===== Records for this task

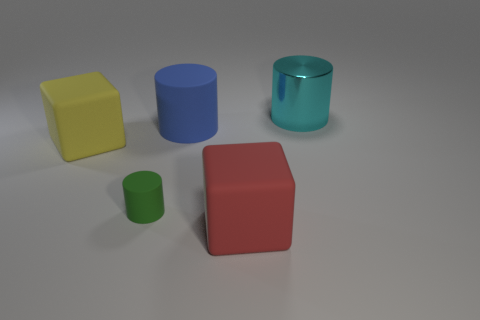What is the material of the cyan cylinder that is the same size as the blue rubber object?
Your answer should be compact. Metal. Are there any other things that have the same size as the green matte thing?
Ensure brevity in your answer.  No. How many objects are either large yellow rubber objects or rubber things behind the red cube?
Provide a short and direct response. 3. There is a blue cylinder that is the same material as the red block; what is its size?
Keep it short and to the point. Large. What is the shape of the large rubber thing in front of the large object on the left side of the tiny green matte object?
Your answer should be compact. Cube. There is a matte thing that is right of the yellow object and on the left side of the big blue thing; what size is it?
Offer a terse response. Small. Are there any large yellow matte objects that have the same shape as the red matte object?
Your answer should be very brief. Yes. What material is the big cylinder on the left side of the large cyan metal object to the right of the big yellow matte thing that is on the left side of the tiny green matte cylinder?
Keep it short and to the point. Rubber. Is there a blue matte cylinder of the same size as the blue object?
Provide a succinct answer. No. What is the color of the big cylinder in front of the large cyan metallic object that is on the right side of the large red matte object?
Provide a succinct answer. Blue. 
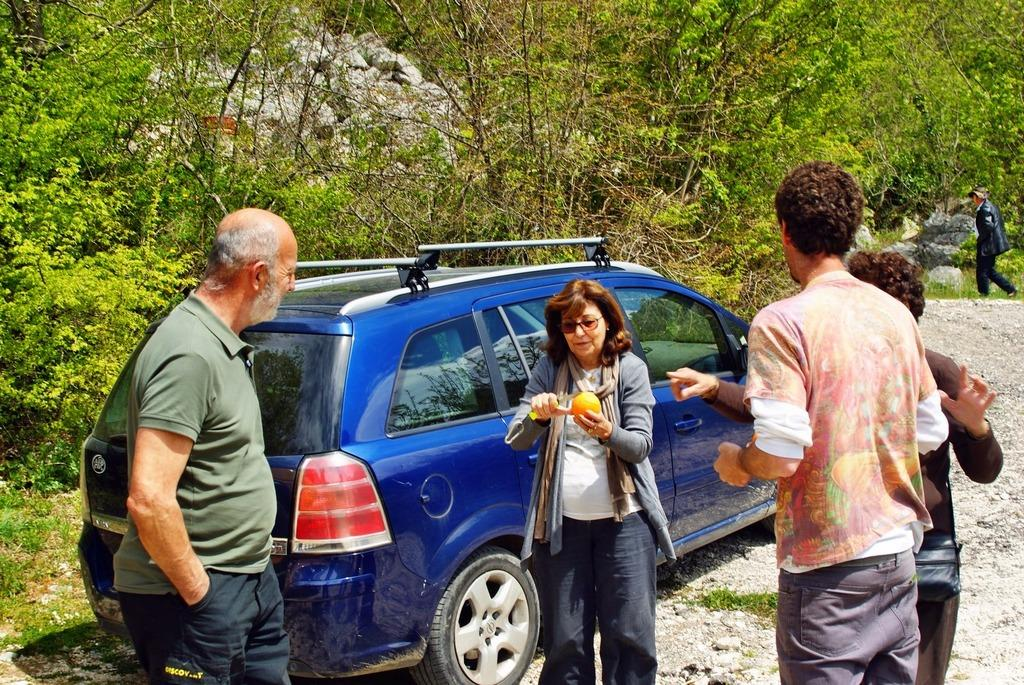Who or what can be seen in the image? There are people in the image. What type of natural elements are present in the image? There are trees, plants, and stones in the image. What is the surface on which the people and objects are situated? The ground is visible in the image. What type of man-made object is present in the image? There is a vehicle in the image. How many ants can be seen carrying credit cards in the image? There are no ants or credit cards present in the image. What type of slave is depicted in the image? There is no depiction of a slave in the image; it features people, trees, plants, stones, the ground, and a vehicle. 
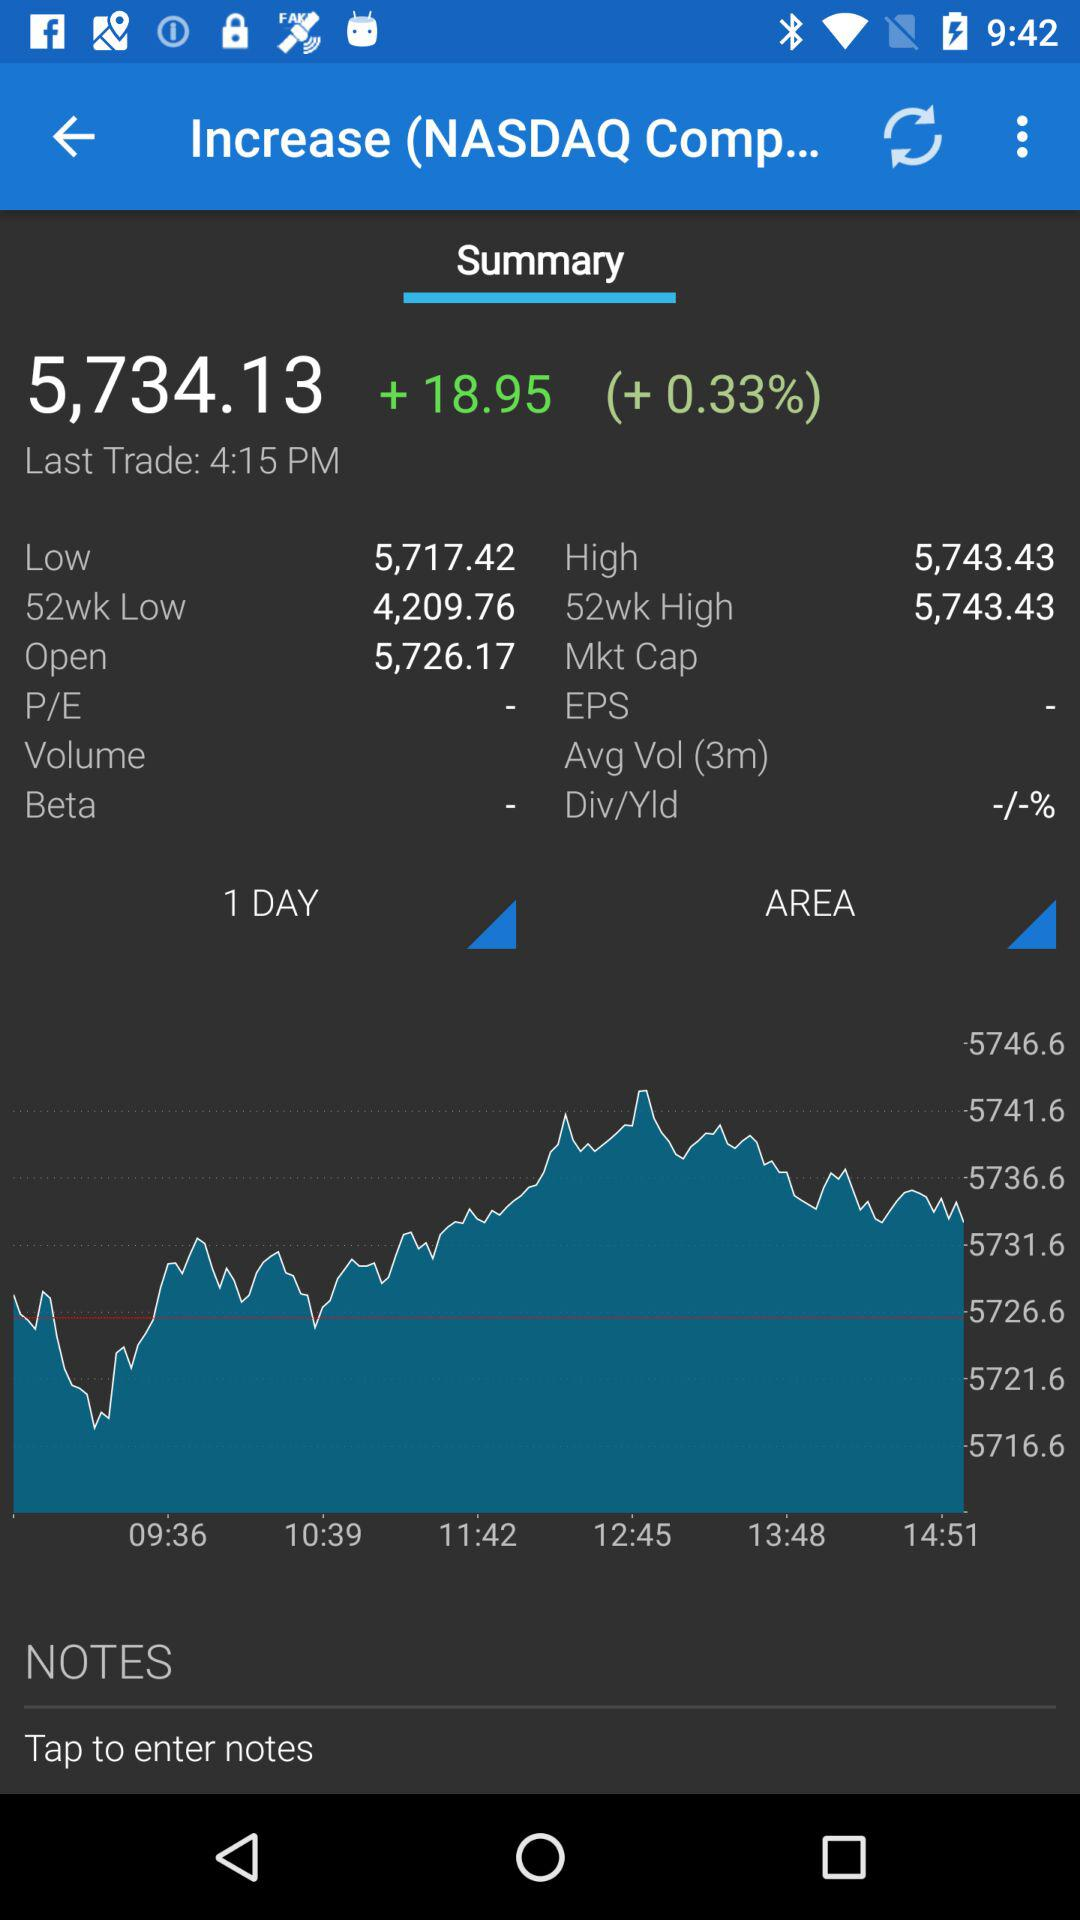When did the last trade happen? The last trade happened at 4:15 PM. 
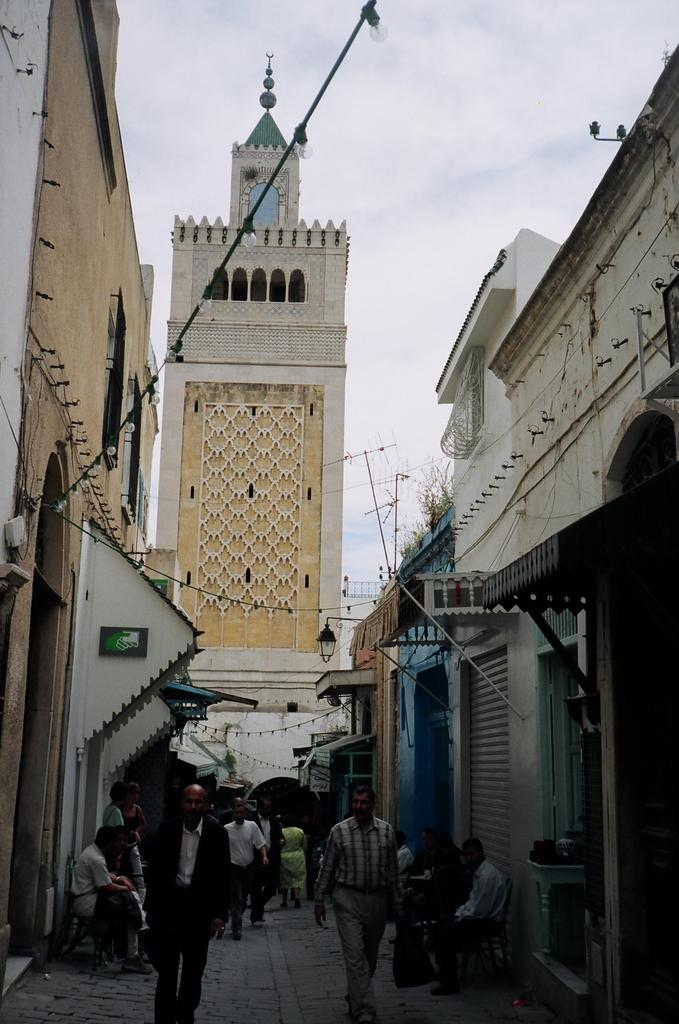What are the people in the image doing? There are people sitting and walking in the image. What can be seen illuminated in the image? There are lights visible in the image. What type of structure is present in the image? There is a wall, buildings, and a tower in the image. What is visible in the background of the image? The sky is visible in the background of the image. What type of blood is visible on the bulb in the image? There is no blood or bulb present in the image. What color is the van parked near the tower in the image? There is no van present in the image; only people, lights, a wall, buildings, and a tower are visible. 
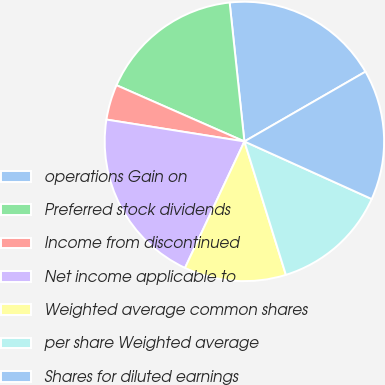Convert chart to OTSL. <chart><loc_0><loc_0><loc_500><loc_500><pie_chart><fcel>operations Gain on<fcel>Preferred stock dividends<fcel>Income from discontinued<fcel>Net income applicable to<fcel>Weighted average common shares<fcel>per share Weighted average<fcel>Shares for diluted earnings<nl><fcel>18.36%<fcel>16.72%<fcel>4.09%<fcel>20.51%<fcel>11.79%<fcel>13.44%<fcel>15.08%<nl></chart> 
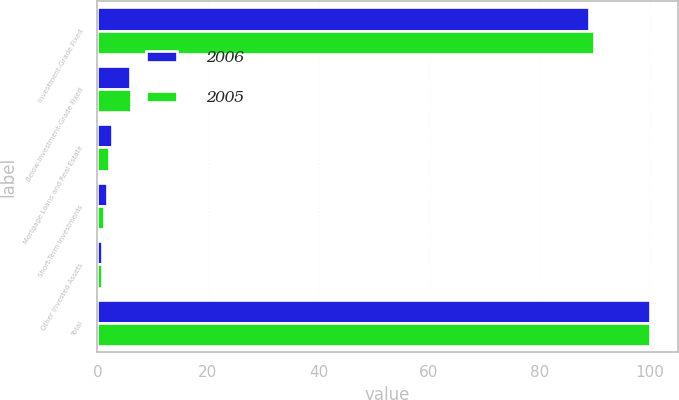Convert chart. <chart><loc_0><loc_0><loc_500><loc_500><stacked_bar_chart><ecel><fcel>Investment-Grade Fixed<fcel>Below-Investment-Grade Fixed<fcel>Mortgage Loans and Real Estate<fcel>Short-Term Investments<fcel>Other Invested Assets<fcel>Total<nl><fcel>2006<fcel>89<fcel>5.8<fcel>2.6<fcel>1.8<fcel>0.8<fcel>100<nl><fcel>2005<fcel>89.9<fcel>6<fcel>2.1<fcel>1.2<fcel>0.8<fcel>100<nl></chart> 
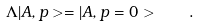<formula> <loc_0><loc_0><loc_500><loc_500>\Lambda | A , { p } > = | A , { p } = 0 > \quad .</formula> 
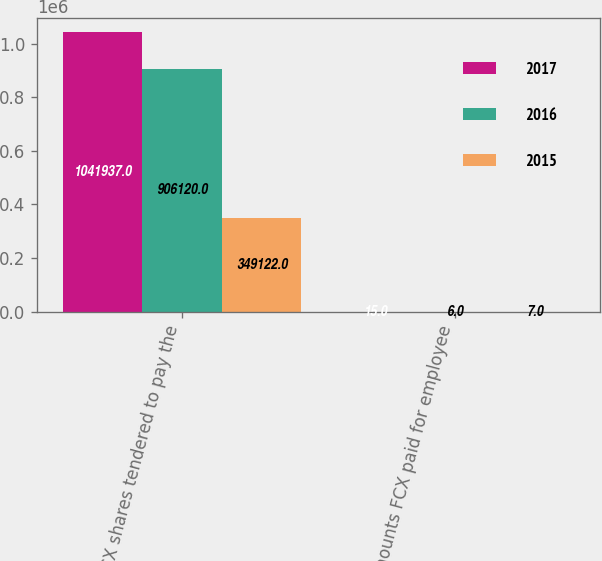Convert chart. <chart><loc_0><loc_0><loc_500><loc_500><stacked_bar_chart><ecel><fcel>FCX shares tendered to pay the<fcel>Amounts FCX paid for employee<nl><fcel>2017<fcel>1.04194e+06<fcel>15<nl><fcel>2016<fcel>906120<fcel>6<nl><fcel>2015<fcel>349122<fcel>7<nl></chart> 
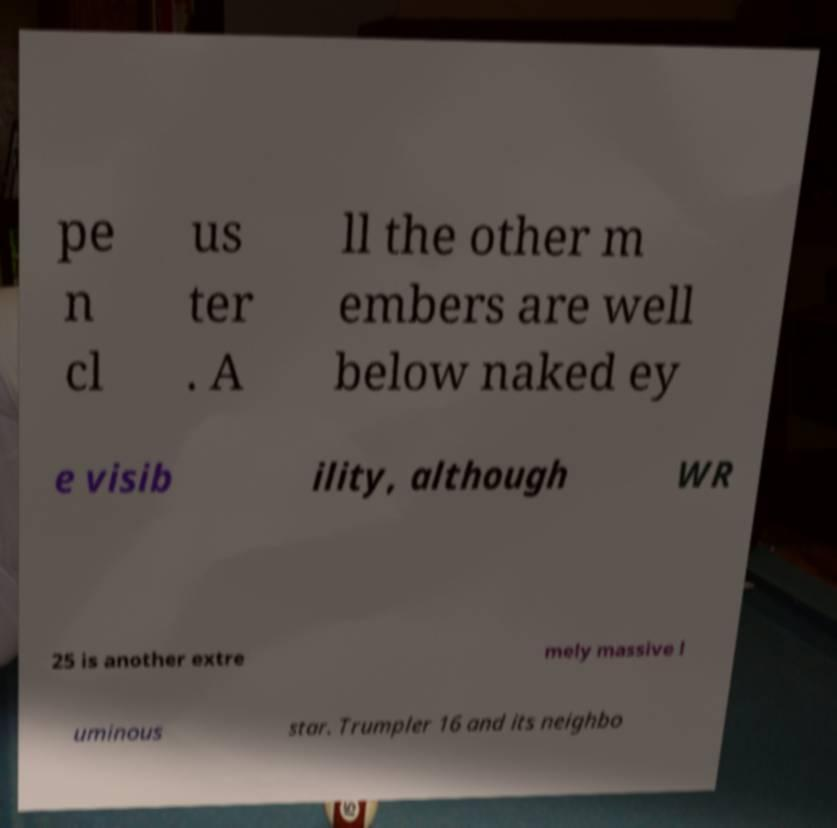Could you assist in decoding the text presented in this image and type it out clearly? pe n cl us ter . A ll the other m embers are well below naked ey e visib ility, although WR 25 is another extre mely massive l uminous star. Trumpler 16 and its neighbo 
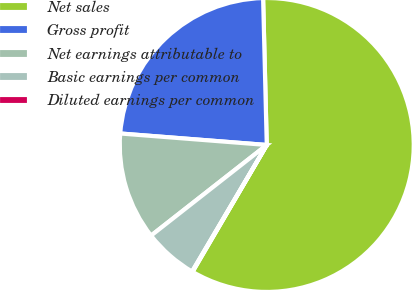<chart> <loc_0><loc_0><loc_500><loc_500><pie_chart><fcel>Net sales<fcel>Gross profit<fcel>Net earnings attributable to<fcel>Basic earnings per common<fcel>Diluted earnings per common<nl><fcel>58.82%<fcel>23.36%<fcel>11.82%<fcel>5.94%<fcel>0.06%<nl></chart> 
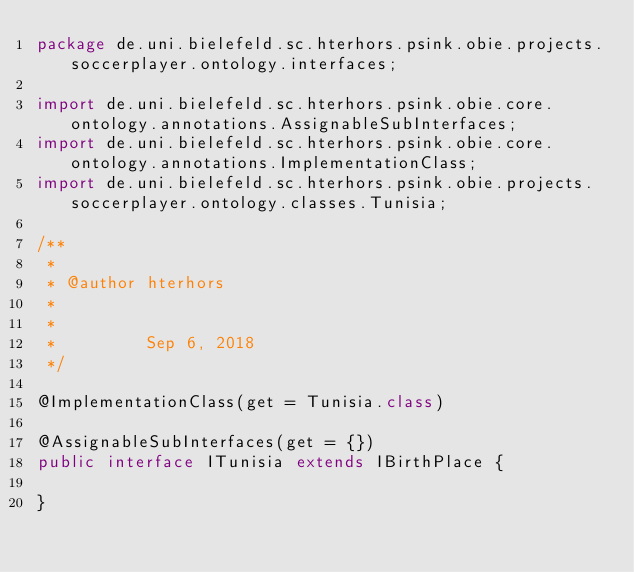<code> <loc_0><loc_0><loc_500><loc_500><_Java_>package de.uni.bielefeld.sc.hterhors.psink.obie.projects.soccerplayer.ontology.interfaces;

import de.uni.bielefeld.sc.hterhors.psink.obie.core.ontology.annotations.AssignableSubInterfaces;
import de.uni.bielefeld.sc.hterhors.psink.obie.core.ontology.annotations.ImplementationClass;
import de.uni.bielefeld.sc.hterhors.psink.obie.projects.soccerplayer.ontology.classes.Tunisia;

/**
 *
 * @author hterhors
 *
 *
 *         Sep 6, 2018
 */

@ImplementationClass(get = Tunisia.class)

@AssignableSubInterfaces(get = {})
public interface ITunisia extends IBirthPlace {

}
</code>

==========

▶ _Work required_: Return, word for word, the lines of the data above from the line with "Your answer should be compact. Metal." through the line with "Your answer should be very", inclusive.

▶ _Output_:
Your answer should be compact. Metal. Are there any other things that have the same size as the green matte thing?
Ensure brevity in your answer.  No. How many objects are either large yellow rubber objects or rubber things behind the red cube?
Provide a short and direct response. 3. There is a blue cylinder that is the same material as the red block; what is its size?
Keep it short and to the point. Large. What is the shape of the large rubber thing in front of the large object on the left side of the tiny green matte object?
Your answer should be compact. Cube. There is a matte thing that is right of the yellow object and on the left side of the big blue thing; what size is it?
Offer a terse response. Small. Are there any large yellow matte objects that have the same shape as the red matte object?
Your answer should be very brief. Yes. What material is the big cylinder on the left side of the large cyan metal object to the right of the big yellow matte thing that is on the left side of the tiny green matte cylinder?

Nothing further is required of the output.